NTT and Tokyo Institute of Technology have jointly developed an ultrahigh-speed integrated circuit (IC) for wireless front-end that operates on a terahertz frequency band, and they have succeeded in developing the world’s fastest 100-Gbit/s wireless transmission data rate in the 300-GHz band.

Unused terahertz waves* are expected to be applicable to high-speed wireless transmission since a wide frequency band can be secured. In our research, we implemented a mixer circuit that applied a unique proprietary high isolation design technology with an Indium phosphide high electron mobility transistor (InP-HEMT). This enlarged the transmission bandwidth, which is a problem in the conventional 300-GHz-band wireless front end. It also improved the signal-to-noise ratio (SNR).

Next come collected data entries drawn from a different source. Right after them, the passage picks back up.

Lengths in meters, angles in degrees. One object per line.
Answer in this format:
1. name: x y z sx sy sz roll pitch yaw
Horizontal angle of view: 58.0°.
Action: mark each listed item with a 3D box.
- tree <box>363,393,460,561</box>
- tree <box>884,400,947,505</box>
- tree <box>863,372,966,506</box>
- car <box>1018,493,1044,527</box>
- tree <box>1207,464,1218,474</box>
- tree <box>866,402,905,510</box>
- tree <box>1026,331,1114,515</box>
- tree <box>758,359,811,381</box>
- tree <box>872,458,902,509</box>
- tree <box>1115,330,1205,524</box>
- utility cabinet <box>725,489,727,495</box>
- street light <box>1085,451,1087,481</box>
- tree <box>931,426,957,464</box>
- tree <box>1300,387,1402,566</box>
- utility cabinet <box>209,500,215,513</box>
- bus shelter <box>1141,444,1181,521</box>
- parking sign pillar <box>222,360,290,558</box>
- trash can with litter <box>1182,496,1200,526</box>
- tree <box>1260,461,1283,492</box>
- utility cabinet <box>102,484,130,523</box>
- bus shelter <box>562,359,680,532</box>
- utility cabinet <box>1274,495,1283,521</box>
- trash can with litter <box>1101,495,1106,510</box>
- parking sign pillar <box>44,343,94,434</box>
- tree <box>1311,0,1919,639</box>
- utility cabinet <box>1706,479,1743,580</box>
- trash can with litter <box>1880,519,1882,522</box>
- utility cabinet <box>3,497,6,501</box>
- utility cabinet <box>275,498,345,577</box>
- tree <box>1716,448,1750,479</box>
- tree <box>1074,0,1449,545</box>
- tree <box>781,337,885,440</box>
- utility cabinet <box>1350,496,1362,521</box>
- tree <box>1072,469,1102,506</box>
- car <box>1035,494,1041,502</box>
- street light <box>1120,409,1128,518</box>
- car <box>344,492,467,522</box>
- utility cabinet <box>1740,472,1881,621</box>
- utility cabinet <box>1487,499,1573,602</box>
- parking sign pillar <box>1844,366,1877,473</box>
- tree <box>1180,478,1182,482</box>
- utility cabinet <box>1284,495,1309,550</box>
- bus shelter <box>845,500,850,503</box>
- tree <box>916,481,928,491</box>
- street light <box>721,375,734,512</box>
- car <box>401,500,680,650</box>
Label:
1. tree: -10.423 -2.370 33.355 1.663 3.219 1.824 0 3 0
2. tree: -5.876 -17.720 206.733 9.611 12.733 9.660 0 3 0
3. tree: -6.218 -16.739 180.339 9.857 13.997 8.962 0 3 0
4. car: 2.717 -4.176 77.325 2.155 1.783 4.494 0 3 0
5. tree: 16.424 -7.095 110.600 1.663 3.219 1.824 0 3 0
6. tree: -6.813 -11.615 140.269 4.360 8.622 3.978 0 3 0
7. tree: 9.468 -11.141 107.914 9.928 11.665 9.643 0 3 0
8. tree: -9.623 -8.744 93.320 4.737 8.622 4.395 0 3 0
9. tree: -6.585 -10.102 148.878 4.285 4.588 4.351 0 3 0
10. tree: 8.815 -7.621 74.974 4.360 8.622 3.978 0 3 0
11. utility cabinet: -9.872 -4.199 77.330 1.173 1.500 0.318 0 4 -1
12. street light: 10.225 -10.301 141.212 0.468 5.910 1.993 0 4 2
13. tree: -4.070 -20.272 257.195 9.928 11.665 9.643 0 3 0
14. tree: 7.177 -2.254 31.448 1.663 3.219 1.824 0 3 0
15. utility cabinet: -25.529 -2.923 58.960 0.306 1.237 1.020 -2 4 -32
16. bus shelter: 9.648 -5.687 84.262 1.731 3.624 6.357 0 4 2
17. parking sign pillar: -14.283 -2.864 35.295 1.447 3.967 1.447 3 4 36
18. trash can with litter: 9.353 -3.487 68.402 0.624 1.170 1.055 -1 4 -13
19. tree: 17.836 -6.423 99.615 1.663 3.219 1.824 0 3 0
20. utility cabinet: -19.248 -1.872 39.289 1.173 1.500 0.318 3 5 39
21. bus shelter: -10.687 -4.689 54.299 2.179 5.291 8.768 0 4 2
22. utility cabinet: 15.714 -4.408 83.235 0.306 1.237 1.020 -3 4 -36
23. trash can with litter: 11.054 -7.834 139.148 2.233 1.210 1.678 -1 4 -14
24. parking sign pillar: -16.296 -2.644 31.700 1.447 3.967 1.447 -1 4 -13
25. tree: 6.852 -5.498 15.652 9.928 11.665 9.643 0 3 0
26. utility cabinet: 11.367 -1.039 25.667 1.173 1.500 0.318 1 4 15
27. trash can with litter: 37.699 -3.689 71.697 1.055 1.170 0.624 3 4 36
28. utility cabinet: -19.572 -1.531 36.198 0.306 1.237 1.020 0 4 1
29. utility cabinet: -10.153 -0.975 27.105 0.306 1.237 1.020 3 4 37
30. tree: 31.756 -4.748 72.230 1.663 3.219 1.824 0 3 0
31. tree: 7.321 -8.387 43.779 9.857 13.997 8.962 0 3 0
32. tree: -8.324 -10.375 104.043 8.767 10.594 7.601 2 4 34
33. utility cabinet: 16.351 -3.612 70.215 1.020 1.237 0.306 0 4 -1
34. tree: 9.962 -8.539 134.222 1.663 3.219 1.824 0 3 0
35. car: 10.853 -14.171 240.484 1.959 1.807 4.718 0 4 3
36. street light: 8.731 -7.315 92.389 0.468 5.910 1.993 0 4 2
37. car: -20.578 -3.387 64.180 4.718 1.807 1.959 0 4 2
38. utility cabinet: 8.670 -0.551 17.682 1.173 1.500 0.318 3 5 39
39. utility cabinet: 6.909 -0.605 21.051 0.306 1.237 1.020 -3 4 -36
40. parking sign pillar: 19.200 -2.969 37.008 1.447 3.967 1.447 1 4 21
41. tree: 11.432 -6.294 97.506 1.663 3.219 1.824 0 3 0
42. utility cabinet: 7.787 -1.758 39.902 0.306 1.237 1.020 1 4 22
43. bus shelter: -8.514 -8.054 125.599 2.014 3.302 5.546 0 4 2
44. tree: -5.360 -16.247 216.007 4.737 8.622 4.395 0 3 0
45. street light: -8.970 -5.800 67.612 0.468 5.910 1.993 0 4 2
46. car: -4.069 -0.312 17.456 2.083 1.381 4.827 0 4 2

In addition, we used this circuit to develop a 300-GHz-band wireless front-end module, and we achieved wireless transmission of 100 Gbit/s.

In this research, we achieved 100-Gbit/s wireless transmission with one wave (one carrier), so in the future, we can extend this idea to multiple carriers by making use of the wide frequency band of 300 GHz and using spatial multiplexing technology such as multiple-input multiple-output (MIMO) and orbital angular momentum (OAM).

Ultrahigh-speed IC technology is expected to enable high-capacity wireless transmission of 400 Gbit/s. This is about 400 times that of the current LTE (Long-Term Evolution) and Wi-Fi, and 40 times that of 5G (fifth-generation mobile communications system) technology. Ultrahigh-speed ICs are also expected to open up utilization of the unused terahertz wave frequency band in the communications field and in non-communications fields.

* Terahertz wave: Just as we use the term kilo to mean 103, so we use the term giga to mean 109 and tera to mean 1012. Hertz (Hz) is a unit of a physical quantity called frequency. It indicates how many times alternating electric signals and electromagnetic waves change polarity (plus and minus) per second. That is, one terahertz (1 THz = 1000 GHz) is the frequency of the electromagnetic wave in which the polarity changes 1 ¡ß 1012 times per second. In general, a terahertz wave often indicates an electromagnetic wave of 0.3 THz to 3 THz.

2. Research background

High-capacity wireless transmission technology of 100 Gbit/s has attracted worldwide attention with the spread of broadband networks. There are three ways of further increasing the capacity of wireless transmission—expanding the transmission bandwidth, increasing the modulation multi-level number, and increasing the spatial multiplexing number. To realize future large capacity wireless transmission technology from a level of 400 Gbit/s to that of one terabit per second (Tbit/s), it is necessary to expand both the transmission bandwidth and the modulation multi-level number simultaneously in one wave (one carrier) and to increase the number of spatial multiplexing transmissions by superimposing them multiple times.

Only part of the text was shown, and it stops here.